Axiomatic Foundations for Deep Learning Guarantees
The field of deep learning has built its theoretical house on sand, and we are only now beginning to notice the cracks.
We possess empirical validation at scale—networks that work, that generalize, that solve problems we thought intractable. Yet we lack the foundational axioms that would let us prove anything about them. This is not a minor gap. It is the difference between engineering and science. A bridge engineer can calculate load-bearing capacity from first principles. A deep learning researcher cannot tell you with certainty why a particular architecture will or will not converge, why it generalizes to unseen data, or what guarantees hold when you scale it by an order of magnitude.
The usual response is to shrug and call this "empirical science." But that framing obscures what is actually happening: we are operating within an implicit axiomatic system that nobody has made explicit. We assume gradient descent finds useful minima. We assume overparameterization helps generalization. We assume certain architectural choices preserve expressivity. None of these are proven. They are working hypotheses, dressed up in mathematical language.

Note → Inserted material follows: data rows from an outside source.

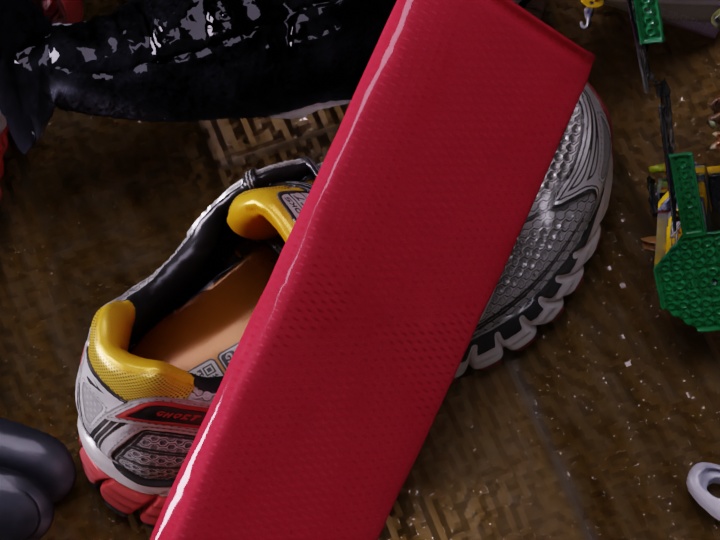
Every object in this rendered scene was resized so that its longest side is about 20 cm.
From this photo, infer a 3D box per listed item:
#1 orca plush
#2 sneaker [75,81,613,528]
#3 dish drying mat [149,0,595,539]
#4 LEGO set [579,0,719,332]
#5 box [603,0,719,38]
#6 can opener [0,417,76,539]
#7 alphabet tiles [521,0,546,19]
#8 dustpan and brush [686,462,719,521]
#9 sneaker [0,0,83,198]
[{"bbox_3d":[-0.021,-0.099,0.861,0.199,0.071,0.106,-3,73,-15],"label":"orca plush"},{"bbox_3d":[0.000,0.000,0.829,0.200,0.082,0.078,-37,62,-19],"label":"sneaker"},{"bbox_3d":[0.001,0.013,0.787,0.018,0.077,0.201,22,85,48],"label":"dish drying mat"},{"bbox_3d":[0.142,-0.086,0.828,0.153,0.201,0.116,-14,30,17],"label":"LEGO set"},{"bbox_3d":[0.059,-0.112,0.842,0.041,0.200,0.039,37,107,32],"label":"box"},{"bbox_3d":[-0.185,0.049,0.829,0.199,0.079,0.064,7,32,1],"label":"can opener"},{"bbox_3d":[-0.005,-0.169,0.934,0.166,0.008,0.201,15,69,-7],"label":"alphabet tiles"},{"bbox_3d":[0.186,0.096,0.780,0.199,0.057,0.140,29,62,12],"label":"dustpan and brush"},{"bbox_3d":[-0.133,-0.059,0.885,0.107,0.067,0.202,-25,56,-9],"label":"sneaker"}]
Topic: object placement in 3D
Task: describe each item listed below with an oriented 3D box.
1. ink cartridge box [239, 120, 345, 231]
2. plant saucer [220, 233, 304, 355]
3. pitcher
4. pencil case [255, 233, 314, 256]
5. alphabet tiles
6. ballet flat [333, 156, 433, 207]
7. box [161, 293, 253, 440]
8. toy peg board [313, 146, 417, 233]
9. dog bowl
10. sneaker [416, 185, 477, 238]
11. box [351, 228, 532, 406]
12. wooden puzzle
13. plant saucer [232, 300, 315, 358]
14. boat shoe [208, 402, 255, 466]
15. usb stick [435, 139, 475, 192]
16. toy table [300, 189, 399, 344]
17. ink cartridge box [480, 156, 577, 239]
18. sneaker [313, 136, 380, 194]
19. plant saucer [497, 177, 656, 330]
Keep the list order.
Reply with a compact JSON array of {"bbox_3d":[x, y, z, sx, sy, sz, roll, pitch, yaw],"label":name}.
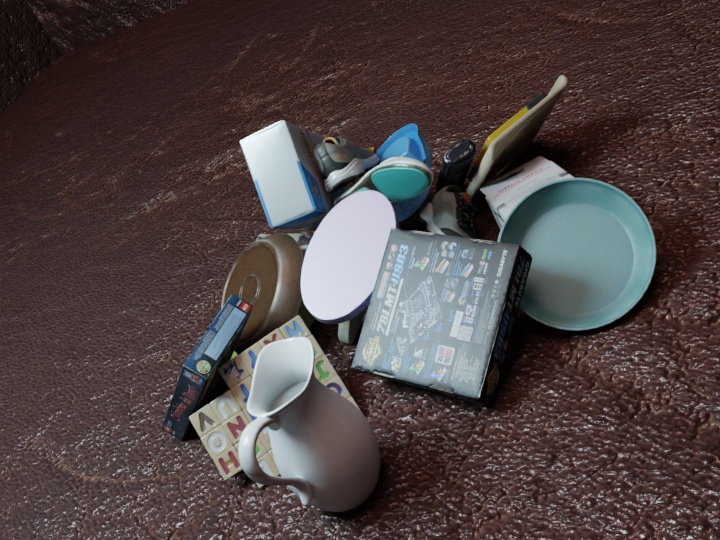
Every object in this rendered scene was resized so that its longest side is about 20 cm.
[{"bbox_3d":[-0.095,-0.143,1.388,0.084,0.146,0.200,-22,-5,17],"label":"ink cartridge box"},{"bbox_3d":[-0.157,0.035,1.334,0.199,0.034,0.202,-26,54,42],"label":"plant saucer"},{"bbox_3d":[-0.063,0.205,1.009,0.120,0.201,0.172,-7,39,31],"label":"pitcher"},{"bbox_3d":[-0.075,-0.026,1.424,0.198,0.079,0.089,-3,15,17],"label":"pencil case"},{"bbox_3d":[-0.121,0.181,1.172,0.199,0.008,0.168,-33,73,-7],"label":"alphabet tiles"},{"bbox_3d":[0.035,-0.132,1.302,0.199,0.069,0.070,-24,27,46],"label":"ballet flat"},{"bbox_3d":[-0.221,0.142,1.260,0.137,0.037,0.200,-62,1,-39],"label":"box"},{"bbox_3d":[-0.002,-0.149,1.550,0.197,0.098,0.201,-16,35,20],"label":"toy peg board"},{"bbox_3d":[0.065,-0.152,1.408,0.111,0.049,0.201,-35,28,30],"label":"dog bowl"},{"bbox_3d":[0.141,-0.074,1.318,0.079,0.074,0.201,-45,26,13],"label":"sneaker"},{"bbox_3d":[0.102,0.054,1.133,0.197,0.050,0.202,8,76,37],"label":"box"},{"bbox_3d":[0.234,-0.204,1.388,0.200,0.037,0.185,-45,-9,-21],"label":"wooden puzzle"},{"bbox_3d":[-0.159,0.073,1.430,0.198,0.031,0.201,-21,34,15],"label":"plant saucer"},{"bbox_3d":[-0.130,0.193,1.217,0.200,0.072,0.068,-45,6,-11],"label":"boat shoe"},{"bbox_3d":[0.150,-0.160,1.399,0.055,0.033,0.200,-33,-8,-5],"label":"usb stick"},{"bbox_3d":[0.000,0.000,1.275,0.183,0.117,0.201,28,77,27],"label":"toy table"},{"bbox_3d":[0.258,-0.091,1.276,0.115,0.068,0.200,-27,23,3],"label":"ink cartridge box"},{"bbox_3d":[-0.023,-0.180,1.394,0.074,0.080,0.200,-30,5,16],"label":"sneaker"},{"bbox_3d":[0.276,-0.019,1.131,0.198,0.036,0.202,-4,74,15],"label":"plant saucer"}]
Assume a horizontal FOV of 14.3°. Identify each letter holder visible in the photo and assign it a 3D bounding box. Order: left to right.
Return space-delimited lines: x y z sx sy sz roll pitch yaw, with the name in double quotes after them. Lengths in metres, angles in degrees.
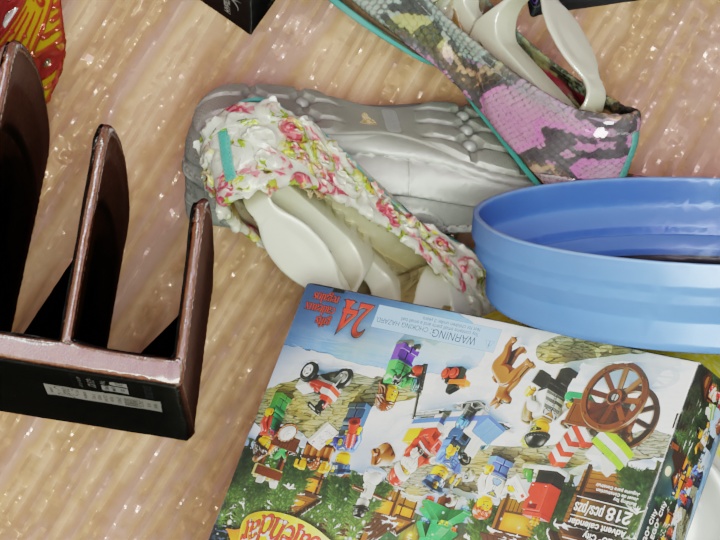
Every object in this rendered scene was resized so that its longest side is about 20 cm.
-0.113 -0.012 1.254 0.100 0.200 0.142 9 80 -1 "letter holder"

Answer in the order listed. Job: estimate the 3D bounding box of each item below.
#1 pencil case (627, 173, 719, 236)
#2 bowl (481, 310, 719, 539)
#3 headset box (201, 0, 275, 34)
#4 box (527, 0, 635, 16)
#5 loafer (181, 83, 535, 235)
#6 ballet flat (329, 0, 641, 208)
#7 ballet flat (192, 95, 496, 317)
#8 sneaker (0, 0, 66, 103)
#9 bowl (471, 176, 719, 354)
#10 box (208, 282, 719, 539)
0.113 0.055 1.313 0.086 0.083 0.200 26 80 31 "pencil case"
0.105 0.106 1.213 0.200 0.108 0.200 1 86 -10 "bowl"
-0.092 -0.232 1.354 0.200 0.077 0.149 35 82 2 "headset box"
0.172 -0.196 1.333 0.200 0.122 0.106 -8 80 -4 "box"
0.016 -0.040 1.338 0.200 0.070 0.070 8 120 -7 "loafer"
0.059 -0.110 1.318 0.200 0.069 0.071 45 120 27 "ballet flat"
0.000 0.000 1.284 0.200 0.064 0.076 36 125 -28 "ballet flat"
-0.179 -0.132 1.319 0.077 0.073 0.200 29 117 38 "sneaker"
0.145 -0.003 1.183 0.200 0.201 0.039 1 101 -2 "bowl"
0.040 0.088 1.158 0.200 0.038 0.137 11 73 38 "box"

The problem deepens when you try to build formal guarantees on top of this unstable ground. Existing theoretical frameworks—PAC learning, VC dimension, Rademacher complexity—were designed for shallow classifiers and statistical learning. They do not scale to the phenomena we actually observe in deep networks. A network with more parameters than training examples should overfit catastrophically according to classical theory. Instead, it generalizes. The theory predicts one thing. Reality does another. This is not a sign that theory needs refinement. It is a sign that we are missing the axioms that would explain what is actually happening.
What would a rigorous axiomatic foundation look like? It would begin by formalizing the space of functions that neural networks can represent, not asymptotically or in the limit, but for finite networks of finite depth and width. It would establish axioms about the geometry of loss landscapes—not empirical observations about specific problems, but structural theorems about what must be true for any network satisfying certain conditions. It would define what generalization means in the presence of implicit regularization, and prove that certain training procedures necessarily induce it.

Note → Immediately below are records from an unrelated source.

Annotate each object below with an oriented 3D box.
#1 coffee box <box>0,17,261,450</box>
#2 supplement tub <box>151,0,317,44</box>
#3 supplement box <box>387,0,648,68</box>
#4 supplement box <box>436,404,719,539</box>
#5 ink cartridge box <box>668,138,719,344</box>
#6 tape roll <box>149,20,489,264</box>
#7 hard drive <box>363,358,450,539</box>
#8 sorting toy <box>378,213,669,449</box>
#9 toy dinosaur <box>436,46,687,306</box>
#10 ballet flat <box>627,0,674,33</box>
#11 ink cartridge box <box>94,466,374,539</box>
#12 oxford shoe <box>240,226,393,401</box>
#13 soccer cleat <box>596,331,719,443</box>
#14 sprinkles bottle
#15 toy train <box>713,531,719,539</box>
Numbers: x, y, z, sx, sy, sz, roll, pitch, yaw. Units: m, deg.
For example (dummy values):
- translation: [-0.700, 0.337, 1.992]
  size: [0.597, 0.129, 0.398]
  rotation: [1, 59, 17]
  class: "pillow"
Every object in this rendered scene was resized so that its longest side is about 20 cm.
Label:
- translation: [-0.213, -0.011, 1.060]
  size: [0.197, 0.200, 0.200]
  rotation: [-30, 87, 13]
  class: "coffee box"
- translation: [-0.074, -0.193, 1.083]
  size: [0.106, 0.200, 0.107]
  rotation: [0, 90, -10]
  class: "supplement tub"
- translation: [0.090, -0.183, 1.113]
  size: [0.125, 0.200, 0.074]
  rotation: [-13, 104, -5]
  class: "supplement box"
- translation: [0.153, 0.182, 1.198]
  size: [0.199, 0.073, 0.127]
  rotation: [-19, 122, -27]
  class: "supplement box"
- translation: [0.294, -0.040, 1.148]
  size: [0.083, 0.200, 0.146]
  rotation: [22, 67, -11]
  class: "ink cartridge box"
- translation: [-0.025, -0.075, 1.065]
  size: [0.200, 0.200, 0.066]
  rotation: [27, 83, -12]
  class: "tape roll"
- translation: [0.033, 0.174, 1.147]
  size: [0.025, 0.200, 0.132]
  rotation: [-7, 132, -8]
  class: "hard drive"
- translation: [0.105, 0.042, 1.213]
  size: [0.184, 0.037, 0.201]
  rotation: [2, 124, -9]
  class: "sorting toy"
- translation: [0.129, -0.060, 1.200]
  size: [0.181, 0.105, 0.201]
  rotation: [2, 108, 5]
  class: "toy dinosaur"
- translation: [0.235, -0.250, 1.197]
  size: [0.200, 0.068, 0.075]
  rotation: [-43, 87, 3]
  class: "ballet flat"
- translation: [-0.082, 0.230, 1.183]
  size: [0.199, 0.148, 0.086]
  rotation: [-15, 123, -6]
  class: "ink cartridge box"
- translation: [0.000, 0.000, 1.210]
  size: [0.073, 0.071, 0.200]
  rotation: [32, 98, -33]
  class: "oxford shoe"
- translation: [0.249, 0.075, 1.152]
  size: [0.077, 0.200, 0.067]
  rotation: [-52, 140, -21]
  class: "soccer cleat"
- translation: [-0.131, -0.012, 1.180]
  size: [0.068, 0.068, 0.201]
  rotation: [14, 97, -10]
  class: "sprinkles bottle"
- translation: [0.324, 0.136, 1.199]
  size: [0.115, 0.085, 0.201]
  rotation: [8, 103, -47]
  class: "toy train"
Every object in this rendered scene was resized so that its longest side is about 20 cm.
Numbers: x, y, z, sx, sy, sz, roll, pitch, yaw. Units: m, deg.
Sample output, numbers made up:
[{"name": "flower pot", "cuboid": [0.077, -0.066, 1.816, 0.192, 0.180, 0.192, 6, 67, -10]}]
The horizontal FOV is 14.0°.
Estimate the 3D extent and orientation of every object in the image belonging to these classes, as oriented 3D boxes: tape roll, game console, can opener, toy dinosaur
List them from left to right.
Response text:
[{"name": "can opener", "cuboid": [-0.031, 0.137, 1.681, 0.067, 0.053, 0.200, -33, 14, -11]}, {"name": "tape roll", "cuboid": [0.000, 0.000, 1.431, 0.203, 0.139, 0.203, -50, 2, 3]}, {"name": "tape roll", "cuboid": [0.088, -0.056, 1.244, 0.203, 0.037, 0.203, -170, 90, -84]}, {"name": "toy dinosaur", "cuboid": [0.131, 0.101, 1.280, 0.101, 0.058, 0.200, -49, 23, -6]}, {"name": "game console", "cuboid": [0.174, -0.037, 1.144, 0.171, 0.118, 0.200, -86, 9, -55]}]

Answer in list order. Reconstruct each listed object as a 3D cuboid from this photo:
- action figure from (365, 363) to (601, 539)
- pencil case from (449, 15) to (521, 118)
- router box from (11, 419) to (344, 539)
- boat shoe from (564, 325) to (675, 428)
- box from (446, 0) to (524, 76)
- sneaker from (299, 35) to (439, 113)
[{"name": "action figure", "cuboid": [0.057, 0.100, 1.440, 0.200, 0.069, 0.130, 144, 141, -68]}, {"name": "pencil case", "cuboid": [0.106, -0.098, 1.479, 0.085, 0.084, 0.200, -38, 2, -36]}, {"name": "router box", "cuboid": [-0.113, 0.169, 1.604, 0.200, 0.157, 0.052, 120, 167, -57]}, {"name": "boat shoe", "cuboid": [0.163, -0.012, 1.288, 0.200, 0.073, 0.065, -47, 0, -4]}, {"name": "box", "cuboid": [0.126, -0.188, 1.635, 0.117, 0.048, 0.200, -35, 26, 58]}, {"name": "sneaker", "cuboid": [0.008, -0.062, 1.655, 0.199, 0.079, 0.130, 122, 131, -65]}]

This is not theoretical luxury. It is practical necessity. As we move toward systems that must provide formal guarantees—in safety-critical domains, in formal verification, in systems that interact with other automated reasoners—we cannot rely on "it works in practice." We need theorems. And theorems require axioms.
The challenge is that custom axiomatic systems for deep learning cannot simply borrow from classical analysis or probability theory. Those frameworks assume properties that neural networks violate. You cannot apply concentration inequalities to quantities that are not concentrated. You cannot use VC dimension to bound generalization when the effective complexity of the hypothesis class changes during training. You need axioms that capture what is actually true about deep learning: that it is a form of adaptive, nonconvex optimization with implicit bias; that it operates in regimes where classical statistical assumptions break down; that its behavior is determined by properties of the data distribution, the architecture, and the optimization trajectory in ways we have not yet formalized.
Some progress exists. Work on neural tangent kernels, implicit bias in gradient descent, and the loss landscape structure of overparameterized networks has moved the needle. But these remain isolated results, not yet unified into a coherent axiomatic framework.
The path forward requires treating deep learning theory as a foundational mathematical enterprise, not as an application of existing theory. We need researchers willing to ask: what minimal set of axioms, if true, would explain everything we observe about deep learning? What theorems follow necessarily from those axioms? Where do our empirical observations contradict them, and what does that tell us about which axioms are wrong?
Until we do this work, deep learning will remain what it is now: powerful, useful, and fundamentally mysterious.